Hydrophobic residues Tyr-20, Ile-21, Gly-25, Ile-49, and Phe-52 within the N-terminal two-helix motif form a hydrophobic tunnel that selects the 16:0 acyl substrate. Gly-25 sits at the end of the tunnel; when mutated to a larger residue, it blocks the end of the tunnel, changing the acyl substrate selectivity to 14:0. This confirms that the hydrophobic tunnel is responsible for the acyl substrate selectivity of TmPlsC.
Exposed hydrophobic residues Tyr-44, Trp-59, Phe-61, Trp-116, and Trp-200 on the surface of the N-terminal two-helix motif and nearby αβ-domain help TmPlsC associate with the phospholipid membrane through hydrophobic interactions. Exposed basic residues in the N-terminal two-helix motif help associate with the negatively-charged surface phosphates of the membrane.
There are three ligands listed in the PDB entry for TmPlsC: 1-heptadecanoyl-2-tridecanoyl-3-glycerol-phosphonyl choline, dodecyl-beta-D-maltoside, and nonane, though none of these are its substrates LPA and acyl-ACP or product PA (5, 7). The first and third ligands are molecules from the lipid membrane that crystallized along with TmPlsC, and the second ligand is a detergent used to separate TmPlsC from the membrane. The actual LPA substrate did not crystallize with TmPlsC, and is not shown here.
TmPlsC does not contain any prosthetic groups or associated metal ions (5). There are no alternate conformations for TmPlsC. TmPlsC is not known to be the target of any drugs.
TmPlsC and GPAT do not have significant similarity in primary structure due to an E value of 0.11, which is greater than 0.05 (9). However, they have high similarity in tertiary structure with a Z-score of 15.6, which is greater than 2 (10). The catalytic αβ-domains of TmPlsC and GPAT are nearly identical, with a β-sheet core surrounded by α-helices and 310 helices (11). The structures share a common active site as well. This similarity is not surprising, since both proteins are members of the AGPAT family of proteins, which share four sequence motifs in their αβ-acyltransferase domains, including a conserved HX4D active site motif (6, 12).

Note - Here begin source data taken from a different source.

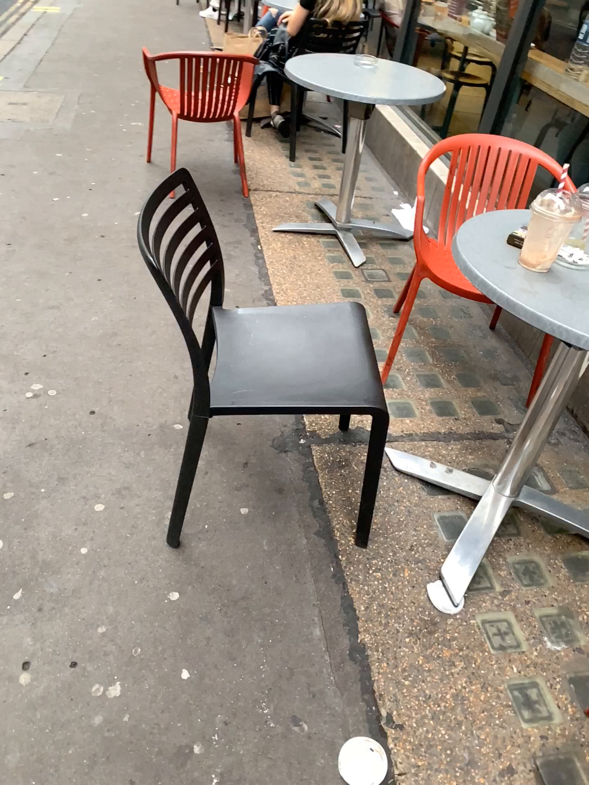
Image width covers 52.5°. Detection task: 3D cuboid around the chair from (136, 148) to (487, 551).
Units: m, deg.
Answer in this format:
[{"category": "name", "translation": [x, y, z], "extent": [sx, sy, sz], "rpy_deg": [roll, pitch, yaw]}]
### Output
[{"category": "chair", "translation": [-0.029, -0.082, 1.453], "extent": [0.600, 0.753, 0.556], "rpy_deg": [4, 39, -8]}]

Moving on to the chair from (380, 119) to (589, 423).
[{"category": "chair", "translation": [0.671, -0.428, 2.080], "extent": [0.570, 0.743, 0.646], "rpy_deg": [9, 39, -1]}]

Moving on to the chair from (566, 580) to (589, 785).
[{"category": "chair", "translation": [0.918, 0.853, 0.671], "extent": [0.703, 0.772, 0.643], "rpy_deg": [34, 45, 27]}]
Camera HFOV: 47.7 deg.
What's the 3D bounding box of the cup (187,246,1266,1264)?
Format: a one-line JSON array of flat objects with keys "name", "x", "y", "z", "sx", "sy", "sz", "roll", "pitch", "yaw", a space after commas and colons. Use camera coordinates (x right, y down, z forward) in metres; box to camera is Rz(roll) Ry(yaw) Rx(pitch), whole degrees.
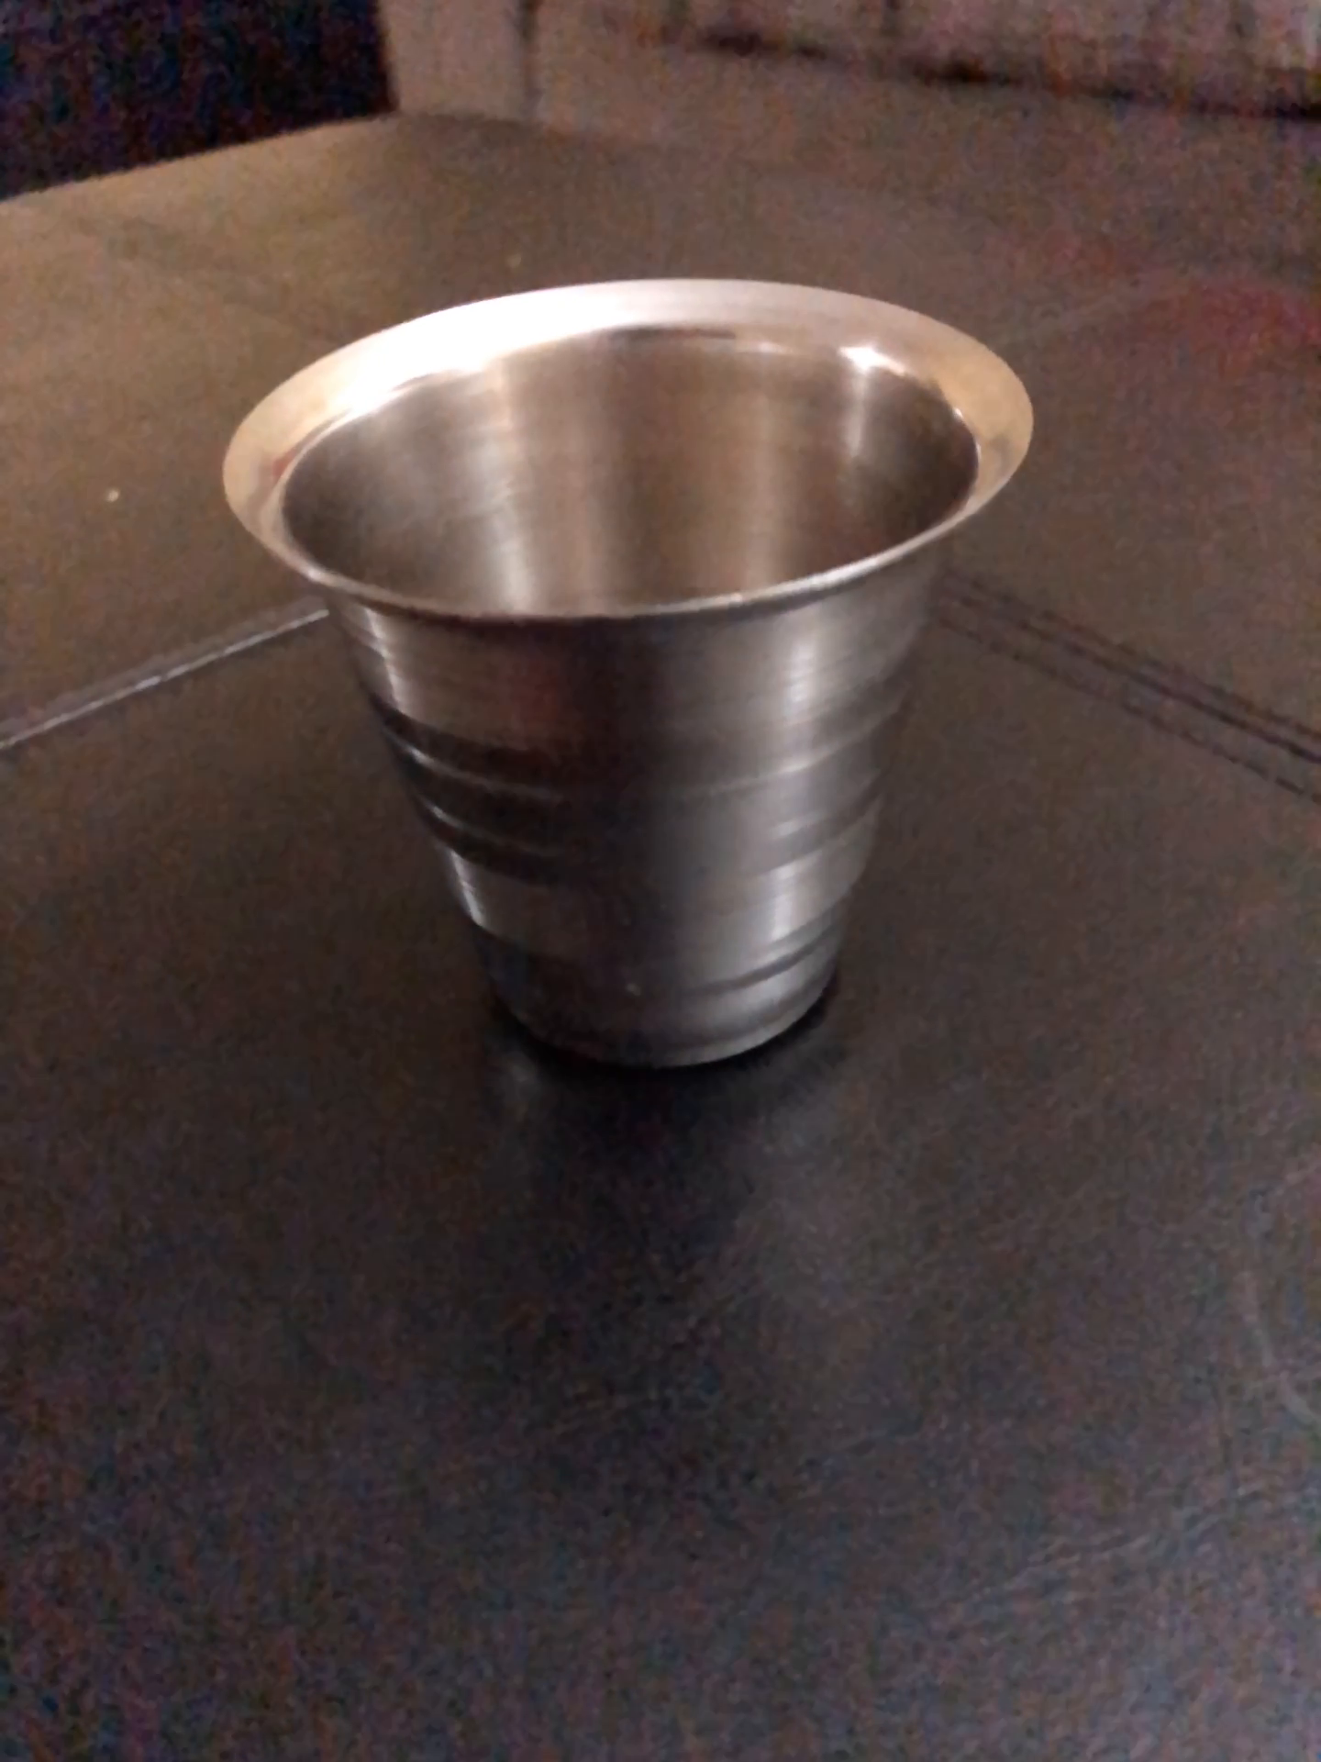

The structures differ in their N-terminal domains (11). Instead of an N-terminal two-helix domain, GPAT has four α-helices and one additional β-strand. However, the domains are functionally similar, allowing TmPlsC and GPAT to associate with the membrane. TmPlsC and GPAT share similar functions as acyltransferases along the two-step sequential acylation of G3P to LPA to PA (2-4). GPAT governs the first acylation, while TmPlsC governs the second acylation. The substrates are similar for each structure, which explains their tertiary structure similarity.